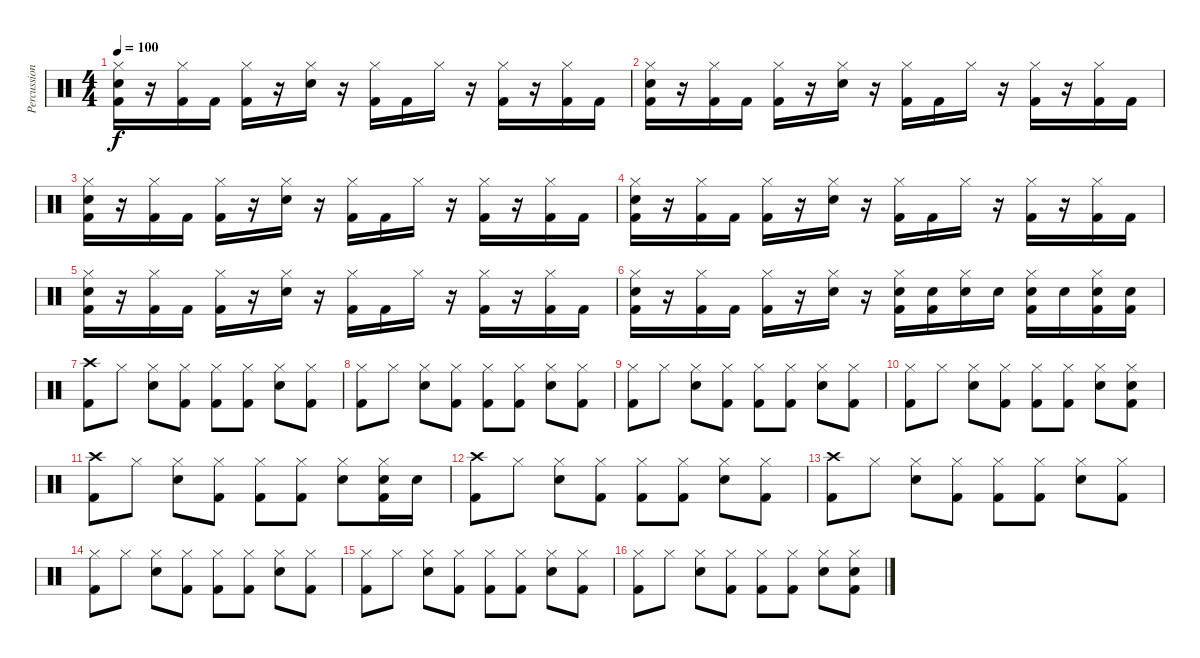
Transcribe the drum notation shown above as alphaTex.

\track ("Percussion" "Percussion") {instrument percussion}
\staff {score}
\articulation defaults
\ts (4 4)
\tempo 100
\clef neutral
\ks c
("Hi-Hat (closed)" "Snare (hit) 2" "Kick (hit) 2").16{dy f} r.16 ("Hi-Hat (closed)" "Kick (hit) 2").16 "Kick (hit) 2".16 ("Hi-Hat (closed)" "Kick (hit) 2").16 r.16 ("Hi-Hat (closed)" "Snare (hit) 2").16 r.16 ("Hi-Hat (closed)" "Kick (hit) 2").16 "Kick (hit) 2".16 "Hi-Hat (closed)".16 r.16 ("Hi-Hat (closed)" "Kick (hit) 2").16 r.16 ("Hi-Hat (closed)" "Kick (hit) 2").16 "Kick (hit) 2".16 |
("Hi-Hat (closed)" "Snare (hit) 2" "Kick (hit) 2").16 r.16 ("Hi-Hat (closed)" "Kick (hit) 2").16 "Kick (hit) 2".16 ("Hi-Hat (closed)" "Kick (hit) 2").16 r.16 ("Hi-Hat (closed)" "Snare (hit) 2").16 r.16 ("Hi-Hat (closed)" "Kick (hit) 2").16 "Kick (hit) 2".16 "Hi-Hat (closed)".16 r.16 ("Hi-Hat (closed)" "Kick (hit) 2").16 r.16 ("Hi-Hat (closed)" "Kick (hit) 2").16 "Kick (hit) 2".16 |
("Hi-Hat (closed)" "Snare (hit) 2" "Kick (hit) 2").16 r.16 ("Hi-Hat (closed)" "Kick (hit) 2").16 "Kick (hit) 2".16 ("Hi-Hat (closed)" "Kick (hit) 2").16 r.16 ("Hi-Hat (closed)" "Snare (hit) 2").16 r.16 ("Hi-Hat (closed)" "Kick (hit) 2").16 "Kick (hit) 2".16 "Hi-Hat (closed)".16 r.16 ("Hi-Hat (closed)" "Kick (hit) 2").16 r.16 ("Hi-Hat (closed)" "Kick (hit) 2").16 "Kick (hit) 2".16 |
("Hi-Hat (closed)" "Snare (hit) 2" "Kick (hit) 2").16 r.16 ("Hi-Hat (closed)" "Kick (hit) 2").16 "Kick (hit) 2".16 ("Hi-Hat (closed)" "Kick (hit) 2").16 r.16 ("Hi-Hat (closed)" "Snare (hit) 2").16 r.16 ("Hi-Hat (closed)" "Kick (hit) 2").16 "Kick (hit) 2".16 "Hi-Hat (closed)".16 r.16 ("Hi-Hat (closed)" "Kick (hit) 2").16 r.16 ("Hi-Hat (closed)" "Kick (hit) 2").16 "Kick (hit) 2".16 |
("Hi-Hat (closed)" "Snare (hit) 2" "Kick (hit) 2").16 r.16 ("Hi-Hat (closed)" "Kick (hit) 2").16 "Kick (hit) 2".16 ("Hi-Hat (closed)" "Kick (hit) 2").16 r.16 ("Hi-Hat (closed)" "Snare (hit) 2").16 r.16 ("Hi-Hat (closed)" "Kick (hit) 2").16 "Kick (hit) 2".16 "Hi-Hat (closed)".16 r.16 ("Hi-Hat (closed)" "Kick (hit) 2").16 r.16 ("Hi-Hat (closed)" "Kick (hit) 2").16 "Kick (hit) 2".16 |
("Hi-Hat (closed)" "Snare (hit) 2" "Kick (hit) 2").16 r.16 ("Hi-Hat (closed)" "Kick (hit) 2").16 "Kick (hit) 2".16 ("Hi-Hat (closed)" "Kick (hit) 2").16 r.16 ("Hi-Hat (closed)" "Snare (hit) 2").16 r.16 ("Hi-Hat (closed)" "Snare (hit) 2" "Kick (hit) 2").16 ("Snare (hit) 2" "Kick (hit) 2").16 ("Hi-Hat (closed)" "Snare (hit) 2").16 "Snare (hit) 2".16 ("Hi-Hat (closed)" "Snare (hit) 2" "Kick (hit) 2").16 "Snare (hit) 2".16 ("Hi-Hat (closed)" "Snare (hit) 2" "Kick (hit) 2").16 ("Snare (hit) 2" "Kick (hit) 2").16 |
("Crash high (hit)" "Kick (hit) 2").8 "Hi-Hat (closed)".8 ("Hi-Hat (closed)" "Snare (hit) 2").8 ("Hi-Hat (closed)" "Kick (hit) 2").8 ("Hi-Hat (closed)" "Kick (hit) 2").8 ("Hi-Hat (closed)" "Kick (hit) 2").8 ("Hi-Hat (closed)" "Snare (hit) 2").8 ("Hi-Hat (closed)" "Kick (hit) 2").8 |
("Hi-Hat (closed)" "Kick (hit) 2").8 "Hi-Hat (closed)".8 ("Hi-Hat (closed)" "Snare (hit) 2").8 ("Hi-Hat (closed)" "Kick (hit) 2").8 ("Hi-Hat (closed)" "Kick (hit) 2").8 ("Hi-Hat (closed)" "Kick (hit) 2").8 ("Hi-Hat (closed)" "Snare (hit) 2").8 ("Hi-Hat (closed)" "Kick (hit) 2").8 |
("Hi-Hat (closed)" "Kick (hit) 2").8 "Hi-Hat (closed)".8 ("Hi-Hat (closed)" "Snare (hit) 2").8 ("Hi-Hat (closed)" "Kick (hit) 2").8 ("Hi-Hat (closed)" "Kick (hit) 2").8 ("Hi-Hat (closed)" "Kick (hit) 2").8 ("Hi-Hat (closed)" "Snare (hit) 2").8 ("Hi-Hat (closed)" "Kick (hit) 2").8 |
("Hi-Hat (closed)" "Kick (hit) 2").8 "Hi-Hat (closed)".8 ("Hi-Hat (closed)" "Snare (hit) 2").8 ("Hi-Hat (closed)" "Kick (hit) 2").8 ("Hi-Hat (closed)" "Kick (hit) 2").8 ("Hi-Hat (closed)" "Kick (hit) 2").8 ("Hi-Hat (closed)" "Snare (hit) 2").8 ("Hi-Hat (closed)" "Snare (hit) 2" "Kick (hit) 2").8 |
("Crash high (hit)" "Kick (hit) 2").8 "Hi-Hat (closed)".8 ("Hi-Hat (closed)" "Snare (hit) 2").8 ("Hi-Hat (closed)" "Kick (hit) 2").8 ("Hi-Hat (closed)" "Kick (hit) 2").8 ("Hi-Hat (closed)" "Kick (hit) 2").8 ("Hi-Hat (closed)" "Snare (hit) 2").8 ("Hi-Hat (closed)" "Snare (hit) 2" "Kick (hit) 2").16 "Snare (hit) 2".16 |
("Crash high (hit)" "Kick (hit) 2").8 "Hi-Hat (closed)".8 ("Hi-Hat (closed)" "Snare (hit) 2").8 ("Hi-Hat (closed)" "Kick (hit) 2").8 ("Hi-Hat (closed)" "Kick (hit) 2").8 ("Hi-Hat (closed)" "Kick (hit) 2").8 ("Hi-Hat (closed)" "Snare (hit) 2").8 ("Hi-Hat (closed)" "Kick (hit) 2").8 |
("Crash high (hit)" "Kick (hit) 2").8 "Hi-Hat (closed)".8 ("Hi-Hat (closed)" "Snare (hit) 2").8 ("Hi-Hat (closed)" "Kick (hit) 2").8 ("Hi-Hat (closed)" "Kick (hit) 2").8 ("Hi-Hat (closed)" "Kick (hit) 2").8 ("Hi-Hat (closed)" "Snare (hit) 2").8 ("Hi-Hat (closed)" "Kick (hit) 2").8 |
("Hi-Hat (closed)" "Kick (hit) 2").8 "Hi-Hat (closed)".8 ("Hi-Hat (closed)" "Snare (hit) 2").8 ("Hi-Hat (closed)" "Kick (hit) 2").8 ("Hi-Hat (closed)" "Kick (hit) 2").8 ("Hi-Hat (closed)" "Kick (hit) 2").8 ("Hi-Hat (closed)" "Snare (hit) 2").8 ("Hi-Hat (closed)" "Kick (hit) 2").8 |
("Hi-Hat (closed)" "Kick (hit) 2").8 "Hi-Hat (closed)".8 ("Hi-Hat (closed)" "Snare (hit) 2").8 ("Hi-Hat (closed)" "Kick (hit) 2").8 ("Hi-Hat (closed)" "Kick (hit) 2").8 ("Hi-Hat (closed)" "Kick (hit) 2").8 ("Hi-Hat (closed)" "Snare (hit) 2").8 ("Hi-Hat (closed)" "Kick (hit) 2").8 |
("Hi-Hat (closed)" "Kick (hit) 2").8 "Hi-Hat (closed)".8 ("Hi-Hat (closed)" "Snare (hit) 2").8 ("Hi-Hat (closed)" "Kick (hit) 2").8 ("Hi-Hat (closed)" "Kick (hit) 2").8 ("Hi-Hat (closed)" "Kick (hit) 2").8 ("Hi-Hat (closed)" "Snare (hit) 2").8 ("Hi-Hat (closed)" "Snare (hit) 2" "Kick (hit) 2").8
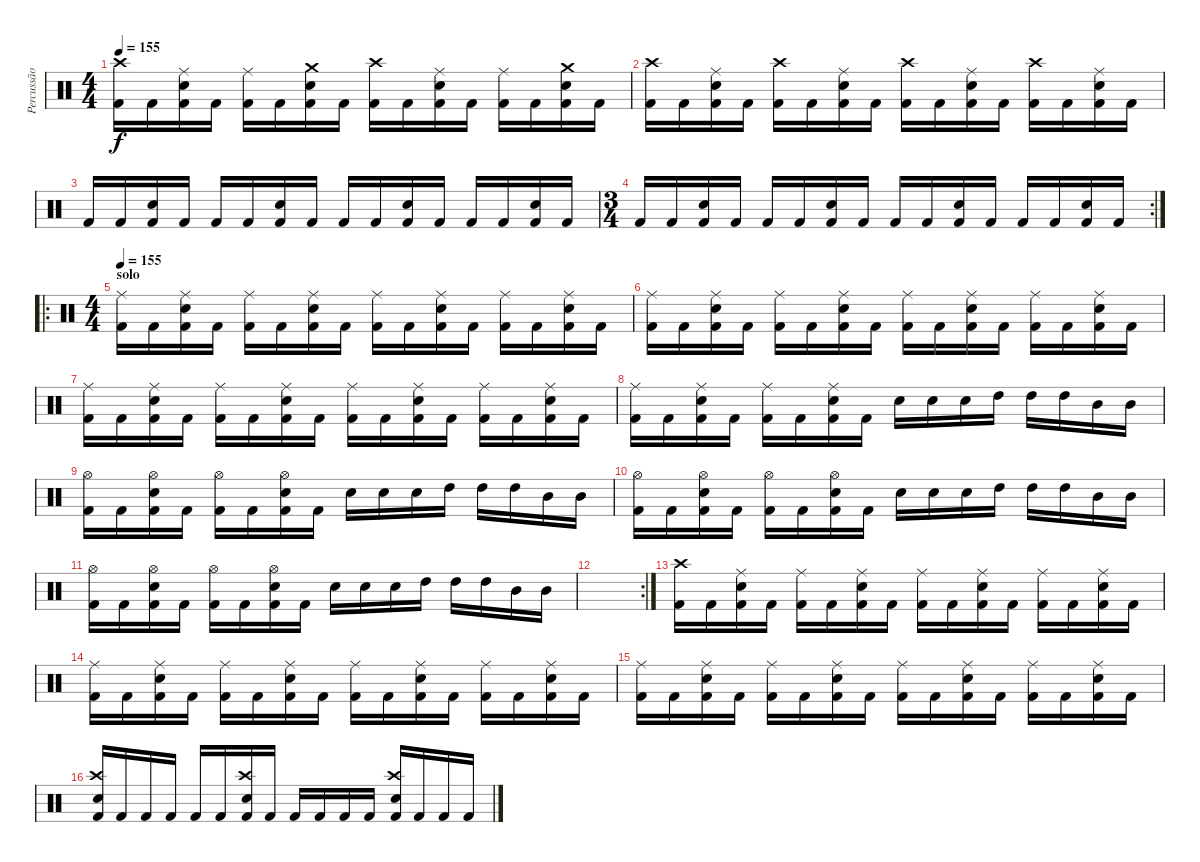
\track ("Percussão" "Percussão") {instrument percussion}
\staff {score}
\articulation defaults
\ts (4 4)
\tempo 155
\clef neutral
\ks c
("Kick (hit) 2" "Crash high (hit)").16{dy f} "Kick (hit) 2".16 ("Kick (hit) 2" "Snare (hit) 2" "Ride (middle)").16 "Kick (hit) 2".16 ("Kick (hit) 2" "Ride (middle)").16 "Kick (hit) 2".16 ("Kick (hit) 2" "Snare (hit) 2" "Crash medium (hit)").16 "Kick (hit) 2".16 ("Kick (hit) 2" "Crash high (hit)").16 "Kick (hit) 2".16 ("Kick (hit) 2" "Snare (hit) 2" "Ride (middle)").16 "Kick (hit) 2".16 ("Kick (hit) 2" "Ride (middle)").16 "Kick (hit) 2".16 ("Kick (hit) 2" "Snare (hit) 2" "Crash medium (hit)").16 "Kick (hit) 2".16 |
("Kick (hit) 2" "Crash high (hit)").16 "Kick (hit) 2".16 ("Kick (hit) 2" "Snare (hit) 2" "Ride (middle)").16 "Kick (hit) 2".16 ("Kick (hit) 2" "Crash high (hit)").16 "Kick (hit) 2".16 ("Kick (hit) 2" "Snare (hit) 2" "Ride (middle)").16 "Kick (hit) 2".16 ("Kick (hit) 2" "Crash high (hit)").16 "Kick (hit) 2".16 ("Kick (hit) 2" "Snare (hit) 2" "Ride (middle)").16 "Kick (hit) 2".16 ("Kick (hit) 2" "Crash high (hit)").16 "Kick (hit) 2".16 ("Kick (hit) 2" "Snare (hit) 2" "Ride (middle)").16 "Kick (hit) 2".16 |
"Kick (hit) 2".16 "Kick (hit) 2".16 ("Kick (hit) 2" "Snare (hit) 2").16 "Kick (hit) 2".16 "Kick (hit) 2".16 "Kick (hit) 2".16 ("Kick (hit) 2" "Snare (hit) 2").16 "Kick (hit) 2".16 "Kick (hit) 2".16 "Kick (hit) 2".16 ("Kick (hit) 2" "Snare (hit) 2").16 "Kick (hit) 2".16 "Kick (hit) 2".16 "Kick (hit) 2".16 ("Kick (hit) 2" "Snare (hit) 2").16 "Kick (hit) 2".16 |
\rc 2
\ts (3 4)
"Kick (hit) 2".16 "Kick (hit) 2".16 ("Kick (hit) 2" "Snare (hit) 2").16 "Kick (hit) 2".16 "Kick (hit) 2".16 "Kick (hit) 2".16 ("Kick (hit) 2" "Snare (hit) 2").16 "Kick (hit) 2".16 "Kick (hit) 2".16 "Kick (hit) 2".16 ("Kick (hit) 2" "Snare (hit) 2").16 "Kick (hit) 2".16 "Kick (hit) 2".16 "Kick (hit) 2".16 ("Kick (hit) 2" "Snare (hit) 2").16 "Kick (hit) 2".16 |
\ro
\ts (4 4)
\section ("" "solo")
\tempo 155
("Kick (hit) 2" "Ride (middle)").16 "Kick (hit) 2".16 ("Kick (hit) 2" "Ride (middle)" "Snare (hit) 2").16 "Kick (hit) 2".16 ("Kick (hit) 2" "Ride (middle)").16 "Kick (hit) 2".16 ("Kick (hit) 2" "Ride (middle)" "Snare (hit) 2").16 "Kick (hit) 2".16 ("Kick (hit) 2" "Ride (middle)").16 "Kick (hit) 2".16 ("Kick (hit) 2" "Ride (middle)" "Snare (hit) 2").16 "Kick (hit) 2".16 ("Kick (hit) 2" "Ride (middle)").16 "Kick (hit) 2".16 ("Kick (hit) 2" "Ride (middle)" "Snare (hit) 2").16 "Kick (hit) 2".16 |
("Kick (hit) 2" "Ride (middle)").16 "Kick (hit) 2".16 ("Kick (hit) 2" "Ride (middle)" "Snare (hit) 2").16 "Kick (hit) 2".16 ("Kick (hit) 2" "Ride (middle)").16 "Kick (hit) 2".16 ("Kick (hit) 2" "Ride (middle)" "Snare (hit) 2").16 "Kick (hit) 2".16 ("Kick (hit) 2" "Ride (middle)").16 "Kick (hit) 2".16 ("Kick (hit) 2" "Ride (middle)" "Snare (hit) 2").16 "Kick (hit) 2".16 ("Kick (hit) 2" "Ride (middle)").16 "Kick (hit) 2".16 ("Kick (hit) 2" "Ride (middle)" "Snare (hit) 2").16 "Kick (hit) 2".16 |
("Kick (hit) 2" "Ride (middle)").16 "Kick (hit) 2".16 ("Kick (hit) 2" "Ride (middle)" "Snare (hit) 2").16 "Kick (hit) 2".16 ("Kick (hit) 2" "Ride (middle)").16 "Kick (hit) 2".16 ("Kick (hit) 2" "Ride (middle)" "Snare (hit) 2").16 "Kick (hit) 2".16 ("Kick (hit) 2" "Ride (middle)").16 "Kick (hit) 2".16 ("Kick (hit) 2" "Ride (middle)" "Snare (hit) 2").16 "Kick (hit) 2".16 ("Kick (hit) 2" "Ride (middle)").16 "Kick (hit) 2".16 ("Kick (hit) 2" "Ride (middle)" "Snare (hit) 2").16 "Kick (hit) 2".16 |
("Kick (hit) 2" "Ride (middle)").16 "Kick (hit) 2".16 ("Kick (hit) 2" "Ride (middle)" "Snare (hit) 2").16 "Kick (hit) 2".16 ("Kick (hit) 2" "Ride (middle)").16 "Kick (hit) 2".16 ("Kick (hit) 2" "Ride (middle)" "Snare (hit) 2").16 "Kick (hit) 2".16 "Snare (hit) 2".16 "Snare (hit) 2".16 "Snare (hit) 2".16 "High Tom (hit)".16 "High Tom (hit)".16 "High Tom (hit)".16 "Mid Tom (hit)".16 "Mid Tom (hit)".16 |
("Kick (hit) 2" "Hi-Hat (open)").16 "Kick (hit) 2".16 ("Kick (hit) 2" "Hi-Hat (open)" "Snare (hit) 2").16 "Kick (hit) 2".16 ("Kick (hit) 2" "Hi-Hat (open)").16 "Kick (hit) 2".16 ("Kick (hit) 2" "Hi-Hat (open)" "Snare (hit) 2").16 "Kick (hit) 2".16 "Snare (hit) 2".16 "Snare (hit) 2".16 "Snare (hit) 2".16 "High Tom (hit)".16 "High Tom (hit)".16 "High Tom (hit)".16 "Mid Tom (hit)".16 "Mid Tom (hit)".16 |
("Kick (hit) 2" "Hi-Hat (open)").16 "Kick (hit) 2".16 ("Kick (hit) 2" "Hi-Hat (open)" "Snare (hit) 2").16 "Kick (hit) 2".16 ("Kick (hit) 2" "Hi-Hat (open)").16 "Kick (hit) 2".16 ("Kick (hit) 2" "Hi-Hat (open)" "Snare (hit) 2").16 "Kick (hit) 2".16 "Snare (hit) 2".16 "Snare (hit) 2".16 "Snare (hit) 2".16 "High Tom (hit)".16 "High Tom (hit)".16 "High Tom (hit)".16 "Mid Tom (hit)".16 "Mid Tom (hit)".16 |
("Kick (hit) 2" "Hi-Hat (open)").16 "Kick (hit) 2".16 ("Kick (hit) 2" "Hi-Hat (open)" "Snare (hit) 2").16 "Kick (hit) 2".16 ("Kick (hit) 2" "Hi-Hat (open)").16 "Kick (hit) 2".16 ("Kick (hit) 2" "Hi-Hat (open)" "Snare (hit) 2").16 "Kick (hit) 2".16 "Snare (hit) 2".16 "Snare (hit) 2".16 "Snare (hit) 2".16 "High Tom (hit)".16 "High Tom (hit)".16 "High Tom (hit)".16 "Mid Tom (hit)".16 "Mid Tom (hit)".16 |
\rc 2
|
("Kick (hit) 2" "Crash high (hit)").16 "Kick (hit) 2".16 ("Kick (hit) 2" "Snare (hit) 2" "Ride (middle)").16 "Kick (hit) 2".16 ("Kick (hit) 2" "Ride (middle)").16 "Kick (hit) 2".16 ("Kick (hit) 2" "Snare (hit) 2" "Ride (middle)").16 "Kick (hit) 2".16 ("Kick (hit) 2" "Ride (middle)").16 "Kick (hit) 2".16 ("Kick (hit) 2" "Snare (hit) 2" "Ride (middle)").16 "Kick (hit) 2".16 ("Kick (hit) 2" "Ride (middle)").16 "Kick (hit) 2".16 ("Kick (hit) 2" "Snare (hit) 2" "Ride (middle)").16 "Kick (hit) 2".16 |
("Kick (hit) 2" "Ride (middle)").16 "Kick (hit) 2".16 ("Kick (hit) 2" "Snare (hit) 2" "Ride (middle)").16 "Kick (hit) 2".16 ("Kick (hit) 2" "Ride (middle)").16 "Kick (hit) 2".16 ("Kick (hit) 2" "Snare (hit) 2" "Ride (middle)").16 "Kick (hit) 2".16 ("Kick (hit) 2" "Ride (middle)").16 "Kick (hit) 2".16 ("Kick (hit) 2" "Snare (hit) 2" "Ride (middle)").16 "Kick (hit) 2".16 ("Kick (hit) 2" "Ride (middle)").16 "Kick (hit) 2".16 ("Kick (hit) 2" "Snare (hit) 2" "Ride (middle)").16 "Kick (hit) 2".16 |
("Kick (hit) 2" "Ride (middle)").16 "Kick (hit) 2".16 ("Kick (hit) 2" "Snare (hit) 2" "Ride (middle)").16 "Kick (hit) 2".16 ("Kick (hit) 2" "Ride (middle)").16 "Kick (hit) 2".16 ("Kick (hit) 2" "Snare (hit) 2" "Ride (middle)").16 "Kick (hit) 2".16 ("Kick (hit) 2" "Ride (middle)").16 "Kick (hit) 2".16 ("Kick (hit) 2" "Snare (hit) 2" "Ride (middle)").16 "Kick (hit) 2".16 ("Kick (hit) 2" "Ride (middle)").16 "Kick (hit) 2".16 ("Kick (hit) 2" "Snare (hit) 2" "Ride (middle)").16 "Kick (hit) 2".16 |
("Kick (hit) 2" "Snare (hit) 2" "Crash high (hit)").16 "Kick (hit) 2".16 "Kick (hit) 2".16 "Kick (hit) 2".16 "Kick (hit) 2".16 "Kick (hit) 2".16 ("Kick (hit) 2" "Snare (hit) 2" "Crash high (hit)").16 "Kick (hit) 2".16 "Kick (hit) 2".16 "Kick (hit) 2".16 "Kick (hit) 2".16 "Kick (hit) 2".16 ("Kick (hit) 2" "Snare (hit) 2" "Crash high (hit)").16 "Kick (hit) 2".16 "Kick (hit) 2".16 "Kick (hit) 2".16
########
# [What the task asks]
Look through the material above for "track" and copy the lines that have it.

# [Output for this task]
\track ("Percussion" "Percussion") {instrument percussion}
\track ("Percussão" "Percussão") {instrument percussion}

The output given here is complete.